• **EXERCISE PROMPT**:
Pictures stay out of the copy; set down each line of the listing below exactly.

• **STORED DATA**:
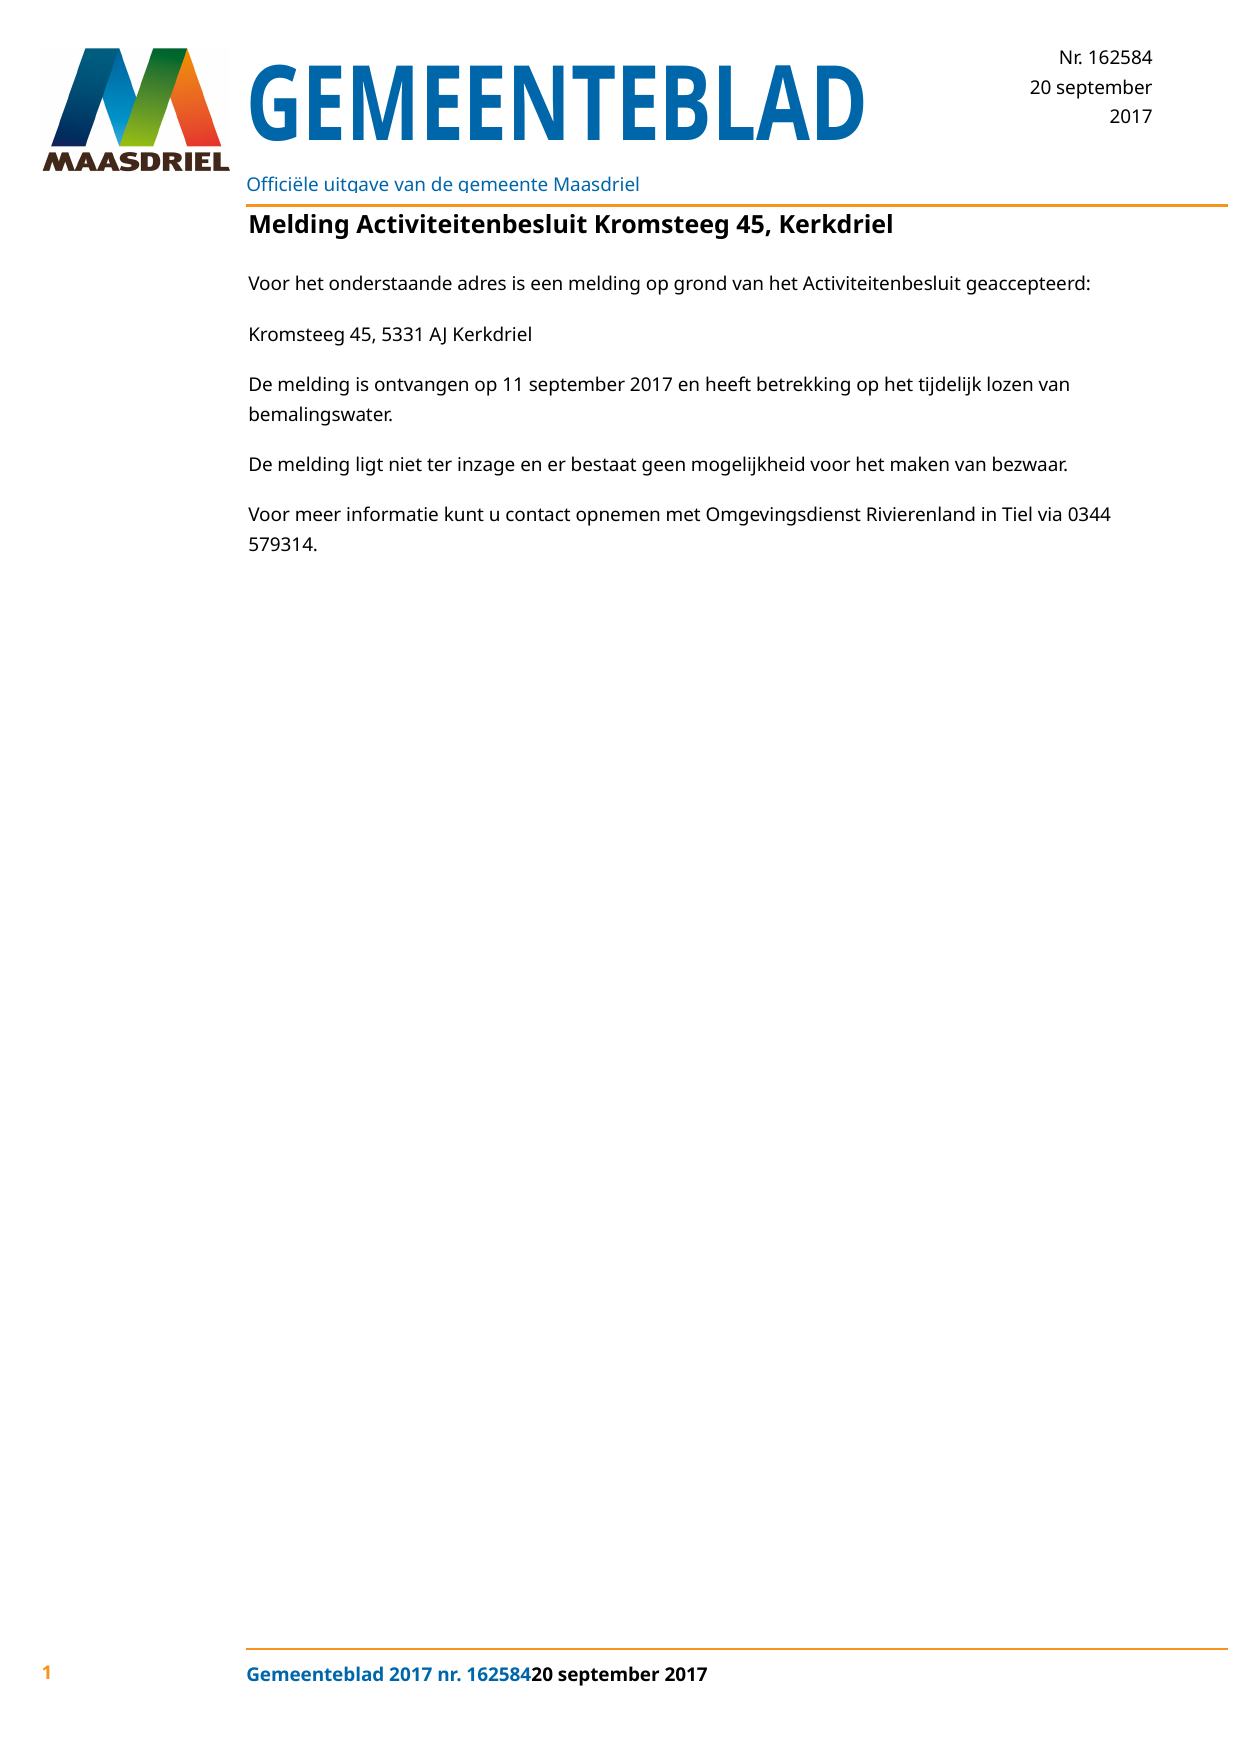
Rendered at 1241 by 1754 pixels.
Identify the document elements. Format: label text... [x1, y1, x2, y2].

text Kromsteeg 45, 5331 AJ Kerkdriel [248, 321, 1152, 346]
text Voor het onderstaande adres is een melding op grond van het Activiteitenbesluit geaccepteerd: [248, 270, 1152, 296]
picture [41, 47, 231, 172]
text De melding is ontvangen op 11 september 2017 en heeft betrekking op het tijdelijk lozen van bemalingswater. [248, 371, 1152, 426]
text Voor meer informatie kunt u contact opnemen met Omgevingsdienst Rivierenland in Tiel via 0344 579314. [248, 502, 1152, 557]
text Melding Activiteitenbesluit Kromsteeg 45, Kerkdriel [248, 207, 1152, 241]
text De melding ligt niet ter inzage en er bestaat geen mogelijkheid voor het maken van bezwaar. [248, 451, 1152, 477]
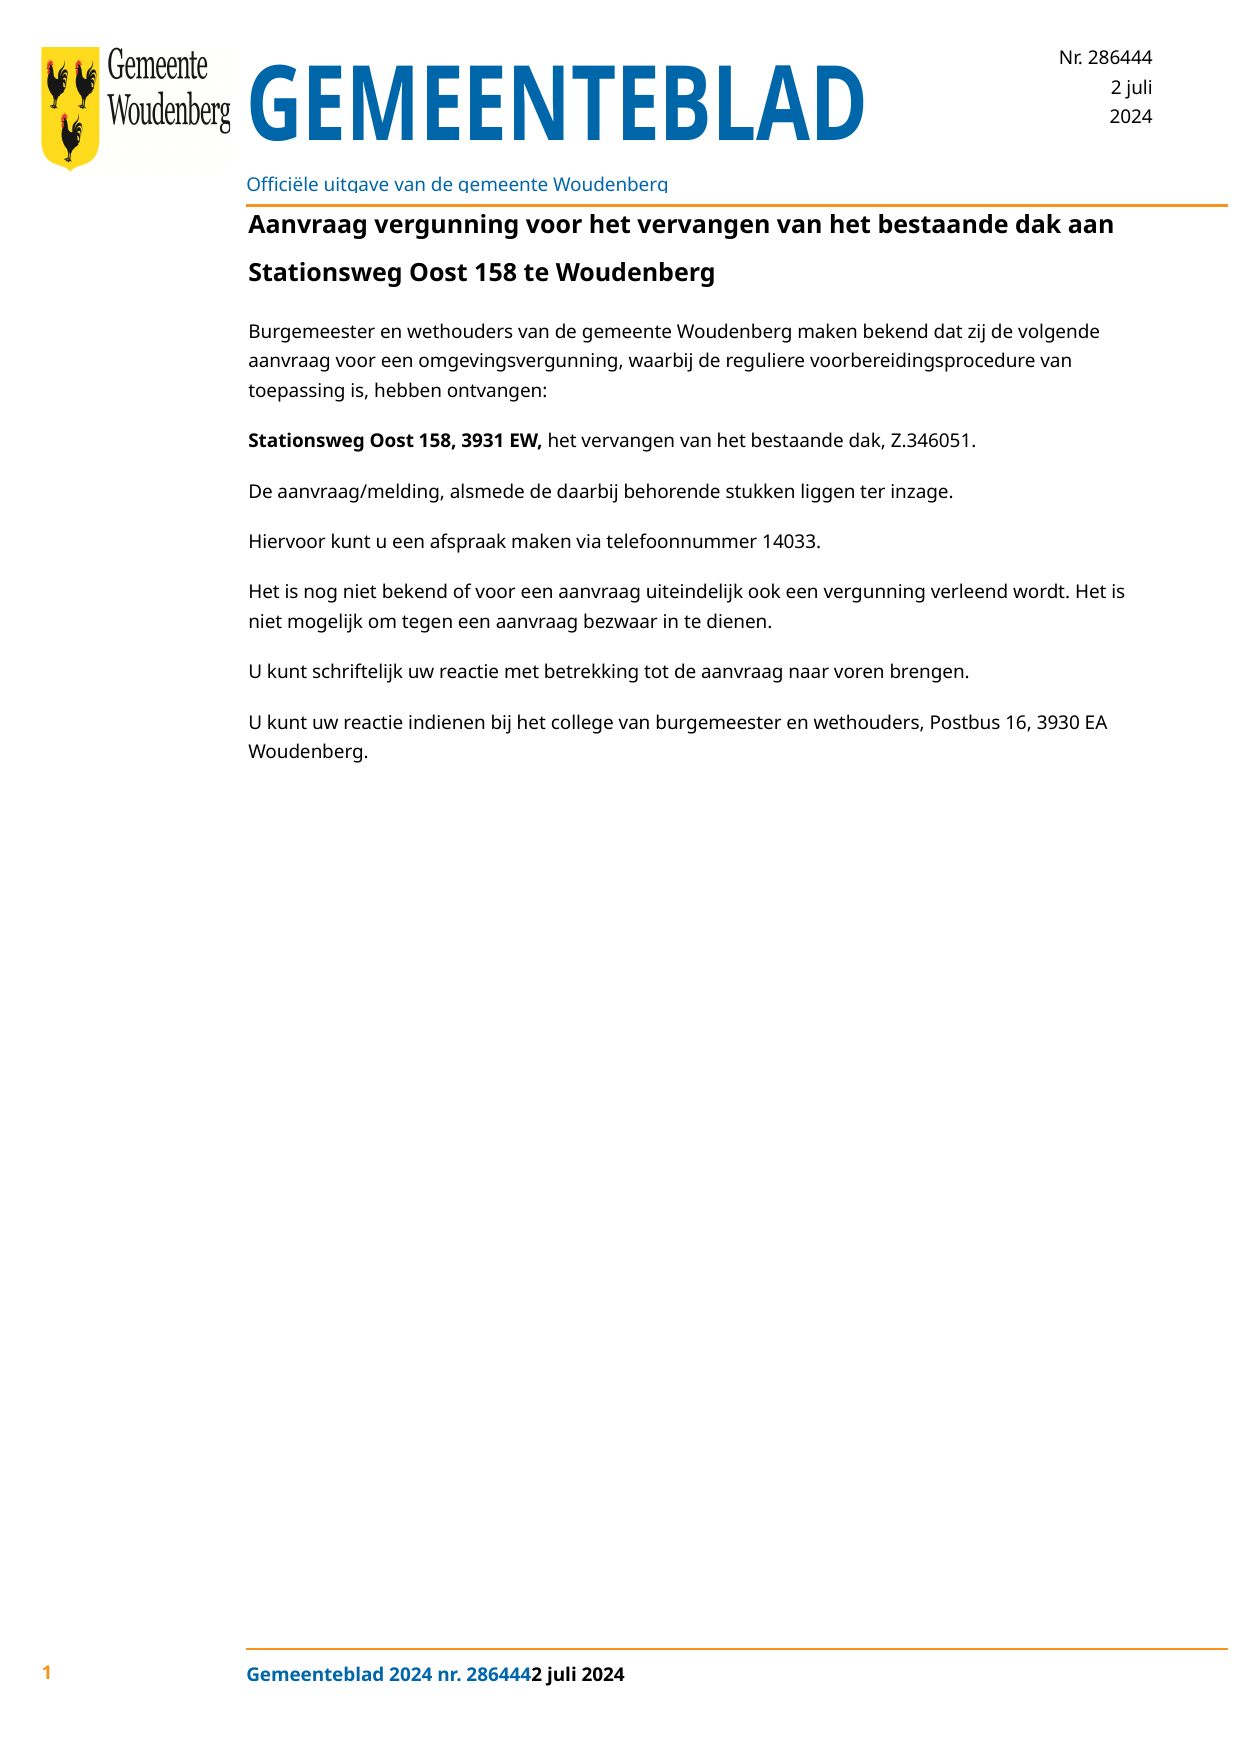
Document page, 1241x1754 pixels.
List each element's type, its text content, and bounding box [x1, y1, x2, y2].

text Het is nog niet bekend of voor een aanvraag uiteindelijk ook een vergunning verleend wordt. Het is niet mogelijk om tegen een aanvraag bezwaar in te dienen. [248, 579, 1152, 634]
picture [41, 47, 231, 172]
text U kunt uw reactie indienen bij het college van burgemeester en wethouders, Postbus 16, 3930 EA Woudenberg. [248, 709, 1152, 764]
text Burgemeester en wethouders van de gemeente Woudenberg maken bekend dat zij de volgende aanvraag voor een omgevingsvergunning, waarbij de reguliere voorbereidingsprocedure van toepassing is, hebben ontvangen: [248, 318, 1152, 403]
text Stationsweg Oost 158, 3931 EW, het vervangen van het bestaande dak, Z.346051. [248, 427, 1152, 453]
text Hiervoor kunt u een afspraak maken via telefoonnummer 14033. [248, 528, 1152, 554]
text U kunt schriftelijk uw reactie met betrekking tot de aanvraag naar voren brengen. [248, 659, 1152, 684]
text De aanvraag/melding, alsmede de daarbij behorende stukken liggen ter inzage. [248, 478, 1152, 504]
text Aanvraag vergunning voor het vervangen van het bestaande dak aan Stationsweg Oost 158 te Woudenberg [248, 207, 1152, 288]

• **REPLY TO THE TASK**:
Rendered at 1241 by 1754 pixels.
Identify the document elements. Format: label text... [x1, y1, x2, y2].

text Kromsteeg 45, 5331 AJ Kerkdriel [248, 321, 1152, 346]
text Voor het onderstaande adres is een melding op grond van het Activiteitenbesluit geaccepteerd: [248, 270, 1152, 296]
picture [41, 47, 231, 172]
text De melding is ontvangen op 11 september 2017 en heeft betrekking op het tijdelijk lozen van bemalingswater. [248, 371, 1152, 426]
text Voor meer informatie kunt u contact opnemen met Omgevingsdienst Rivierenland in Tiel via 0344 579314. [248, 502, 1152, 557]
text Melding Activiteitenbesluit Kromsteeg 45, Kerkdriel [248, 207, 1152, 241]
text De melding ligt niet ter inzage en er bestaat geen mogelijkheid voor het maken van bezwaar. [248, 451, 1152, 477]
Document page, 1241x1754 pixels.
List each element's type, its text content, and bounding box [x1, y1, x2, y2].

text Het is nog niet bekend of voor een aanvraag uiteindelijk ook een vergunning verleend wordt. Het is niet mogelijk om tegen een aanvraag bezwaar in te dienen. [248, 579, 1152, 634]
picture [41, 47, 231, 172]
text U kunt uw reactie indienen bij het college van burgemeester en wethouders, Postbus 16, 3930 EA Woudenberg. [248, 709, 1152, 764]
text Burgemeester en wethouders van de gemeente Woudenberg maken bekend dat zij de volgende aanvraag voor een omgevingsvergunning, waarbij de reguliere voorbereidingsprocedure van toepassing is, hebben ontvangen: [248, 318, 1152, 403]
text Stationsweg Oost 158, 3931 EW, het vervangen van het bestaande dak, Z.346051. [248, 427, 1152, 453]
text Hiervoor kunt u een afspraak maken via telefoonnummer 14033. [248, 528, 1152, 554]
text U kunt schriftelijk uw reactie met betrekking tot de aanvraag naar voren brengen. [248, 659, 1152, 684]
text De aanvraag/melding, alsmede de daarbij behorende stukken liggen ter inzage. [248, 478, 1152, 504]
text Aanvraag vergunning voor het vervangen van het bestaande dak aan Stationsweg Oost 158 te Woudenberg [248, 207, 1152, 288]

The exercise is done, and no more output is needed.